Ensure You Have A Beginning, a Middle & an End – If you’re writing a story, there must be a whole story. Even if you’re writing articles like this one, they must have an introduction, body text, and a conclusion. If you leave these things out, it feels weird to the reader. Don’t leave your writing unfinished.

Don’t Fall in Love with Your Own Excellence – It can be easy to believe after all your hard work, the research you’ve done, and the blood, sweat, and tears you’ve shed to get your writing finished is just perfection. It’s important that you don’t let yourself believe this because if you want your work also to be sellable that you take the advice of your publisher, your editor, or your client too. It’s not personal.

Always Edit for Everything – Even if you know an editor is going to look at the work once you’re finished with the first part of writing everything you should still either edit yourself or have someone else edit it before submitting.
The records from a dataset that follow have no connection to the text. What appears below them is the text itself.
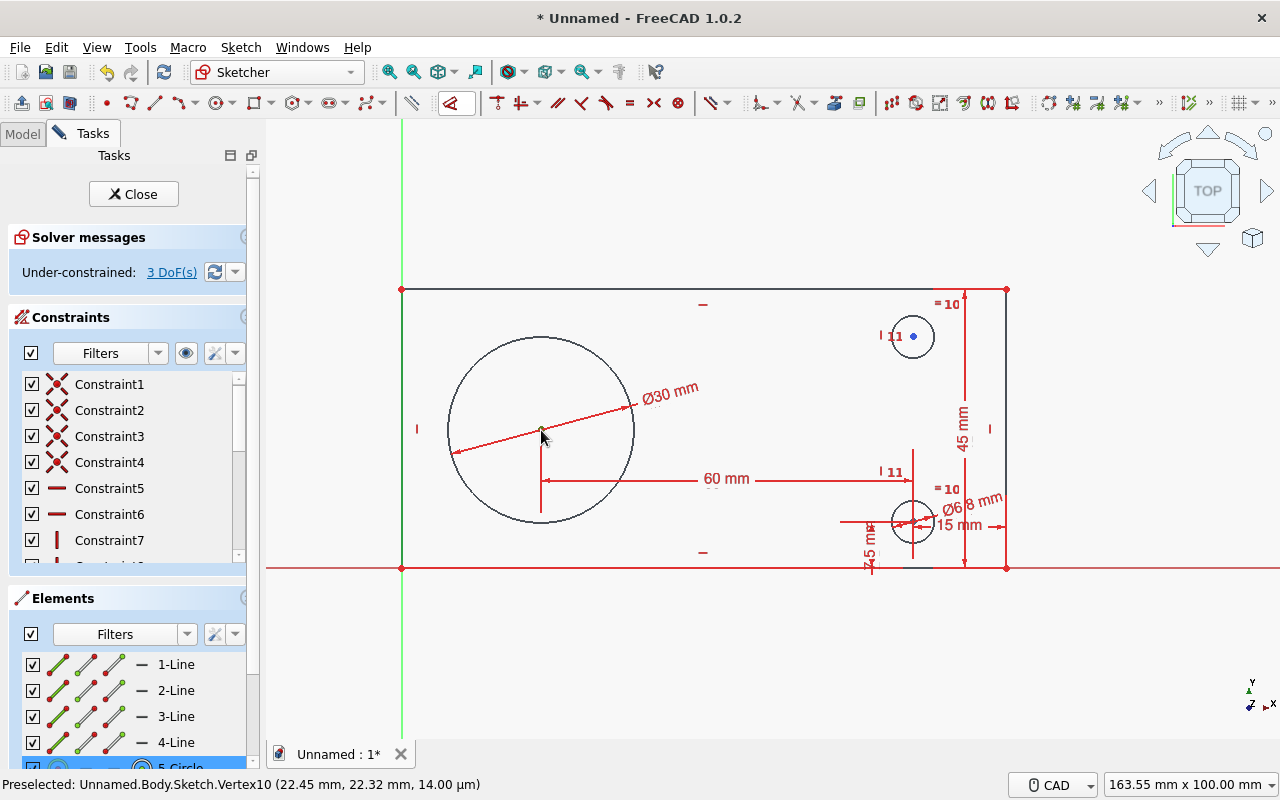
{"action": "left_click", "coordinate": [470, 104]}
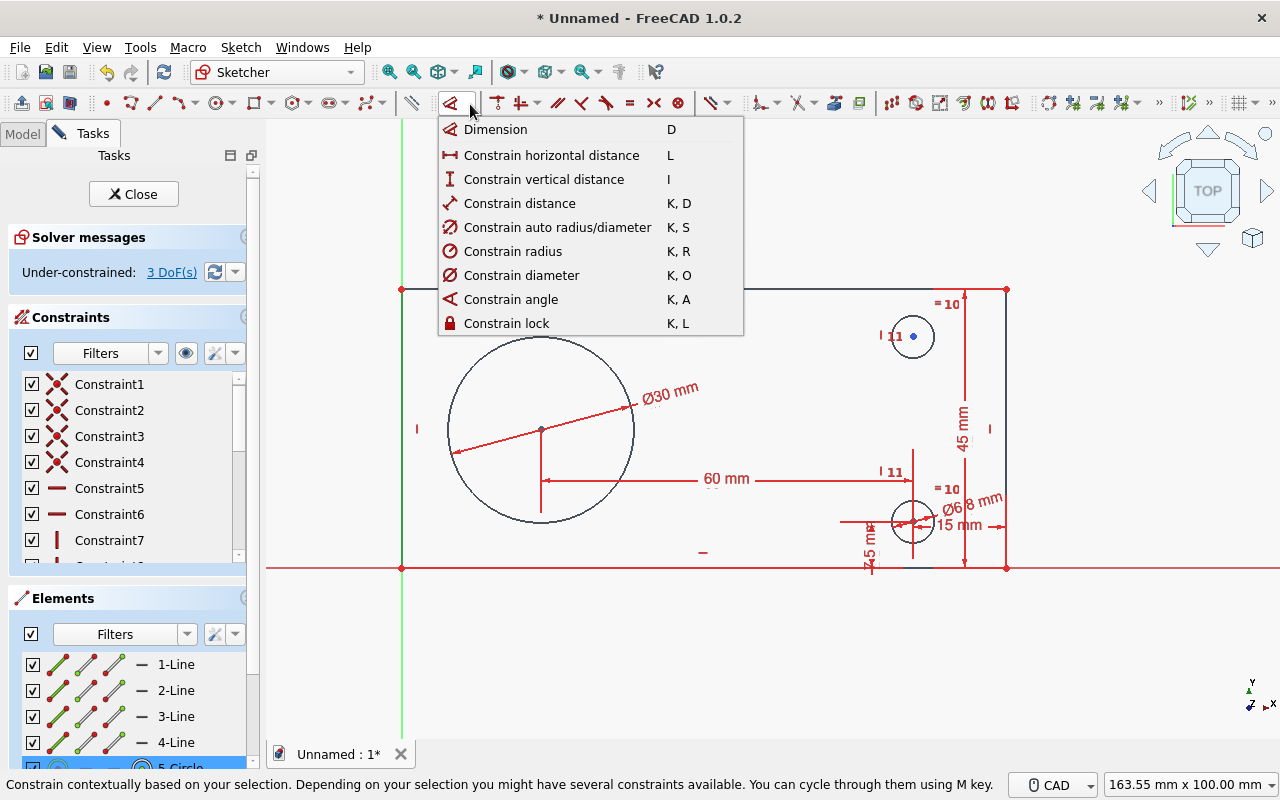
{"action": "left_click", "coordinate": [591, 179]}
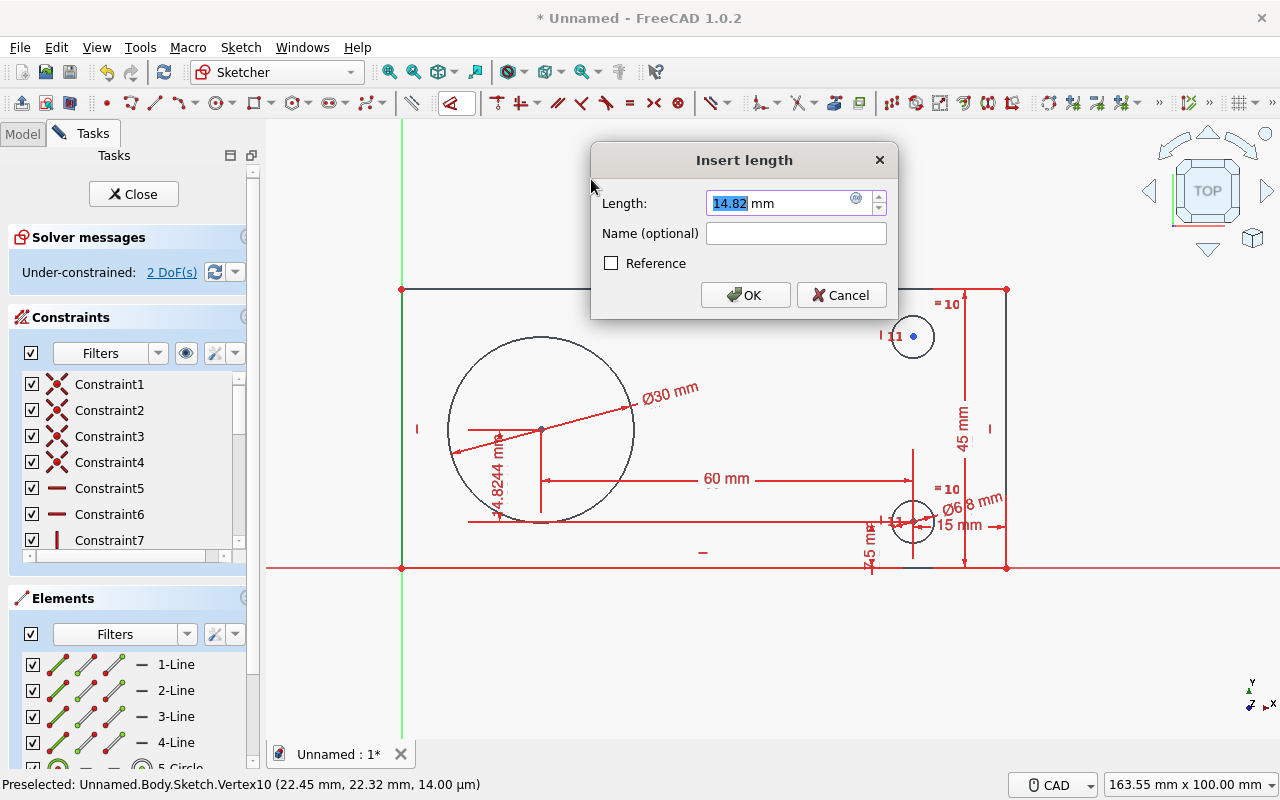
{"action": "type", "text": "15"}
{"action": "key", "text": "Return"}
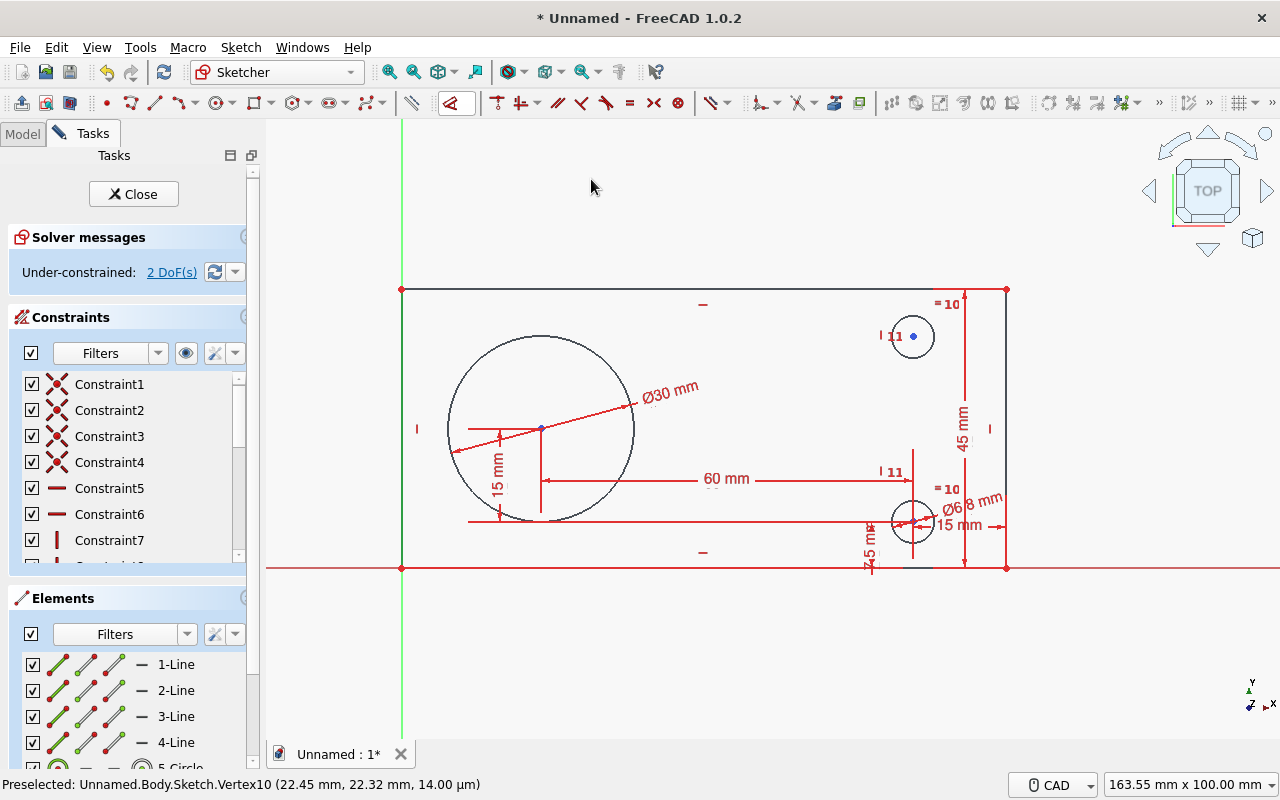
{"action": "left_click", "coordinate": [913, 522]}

You want to turn in your best work. It will make the entire editing and perfecting process much shorter if you do this.

During Editing Focus on Removing Words Over Adding Words – Once you’re in the editing process focus on taking words away rather than adding more if possible. Take words from your manuscript that is extra that you don’t need. If it doesn’t advance your meaning, you don’t need it. This will make your writing more concise. For example, do you really need the word “really” here?

If You’re Publishing a Story, the Story Is First – When you tell a story, the flow of the story is more important than being witty or clever in your phrasing. If someone doesn’t understand what you mean to say no amount of cleverness will help.
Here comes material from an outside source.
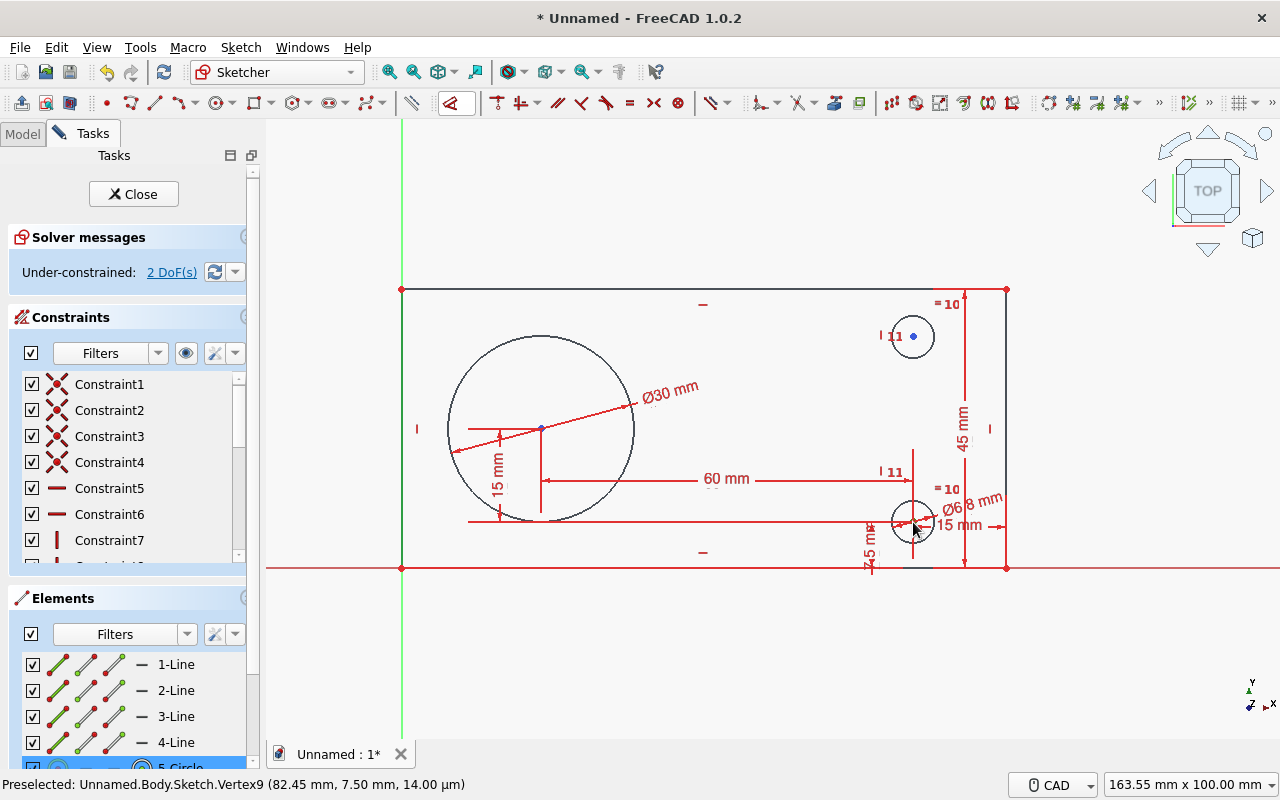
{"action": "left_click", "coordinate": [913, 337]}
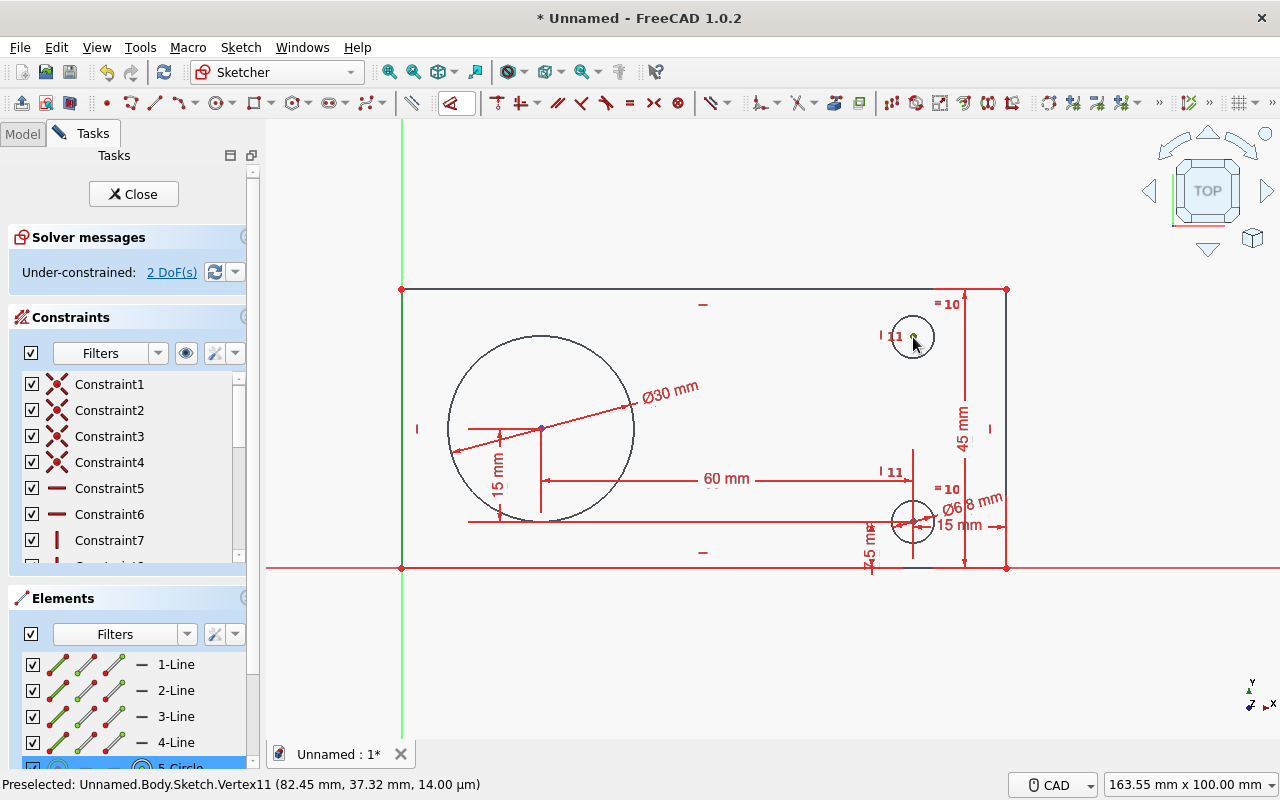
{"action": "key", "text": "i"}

If You’re Writing Web Content, Ensure Formatting is Right – When you write content that will be read on the web or in an email, it’s imperative that you realize that when you are writing it. The formatting is different because reading walls of text online is very difficult. You want plenty of bullets, headings, subheadings and chunky content that’s easy to read.
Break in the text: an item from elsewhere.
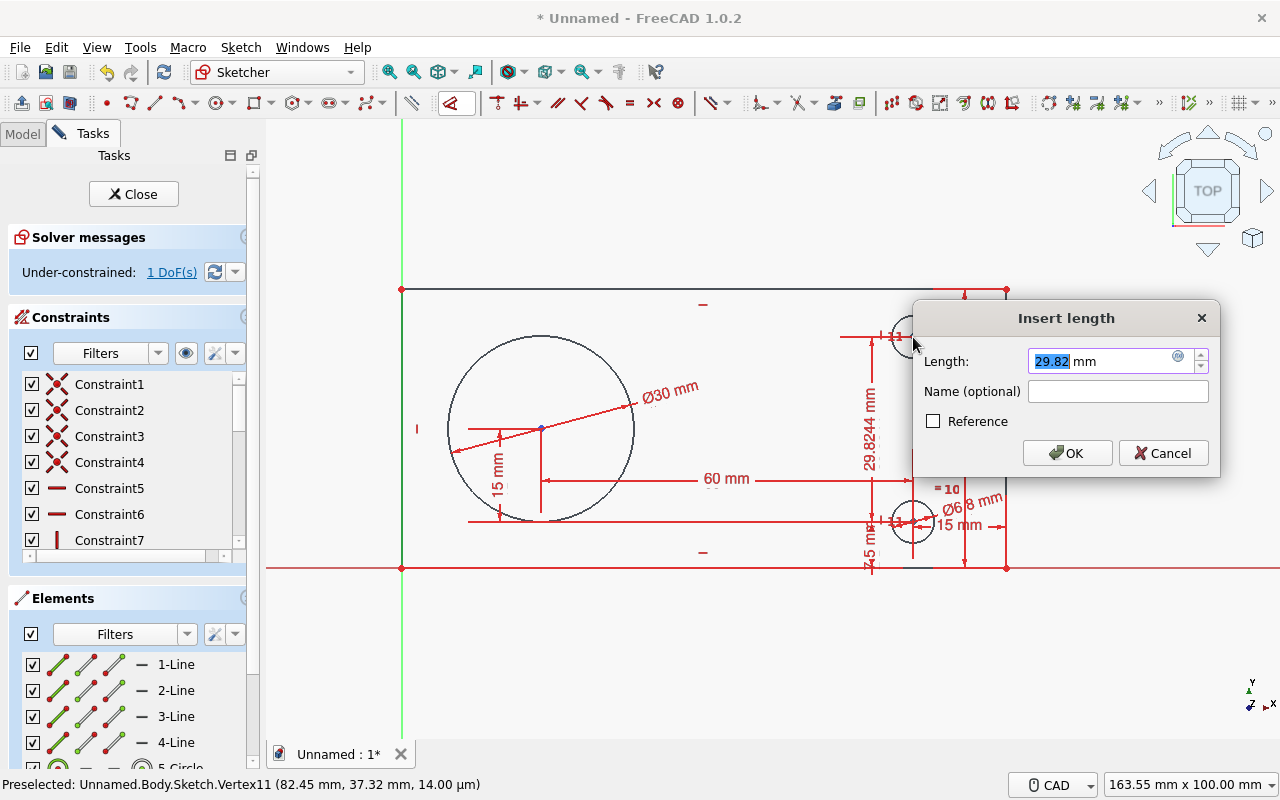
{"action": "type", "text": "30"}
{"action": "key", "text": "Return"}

Check the Guidelines – Depending on who you’re writing for there should be guidelines to check. Remember when you were in school, and your teacher gave you a rubric to follow to ensure everything you turned in had the components needed to be complete? It’s the same thing here. Even if you’re writing for yourself create a rubric for your writing to check off what is done.

Get Your Marketing Collateral Created – This really does depend on your situation, but if you’re expected or need to create all of that yourself then you’ll want to do it now. That way you can get feedback on that too. You may need graphics, book covers, copy and more to market your finished product.

Depending on your situation, if you’re writing a book and submitting to a publisher, you’re probably going to have to make even more edits and changes. However, having done the work to make it as perfect as you can before submitting it will reduce the amount of work and ensure your professionalism remains intact. If you’re writing for other purposes, your attention to the details will pay off in that clients will appreciate the extra effort.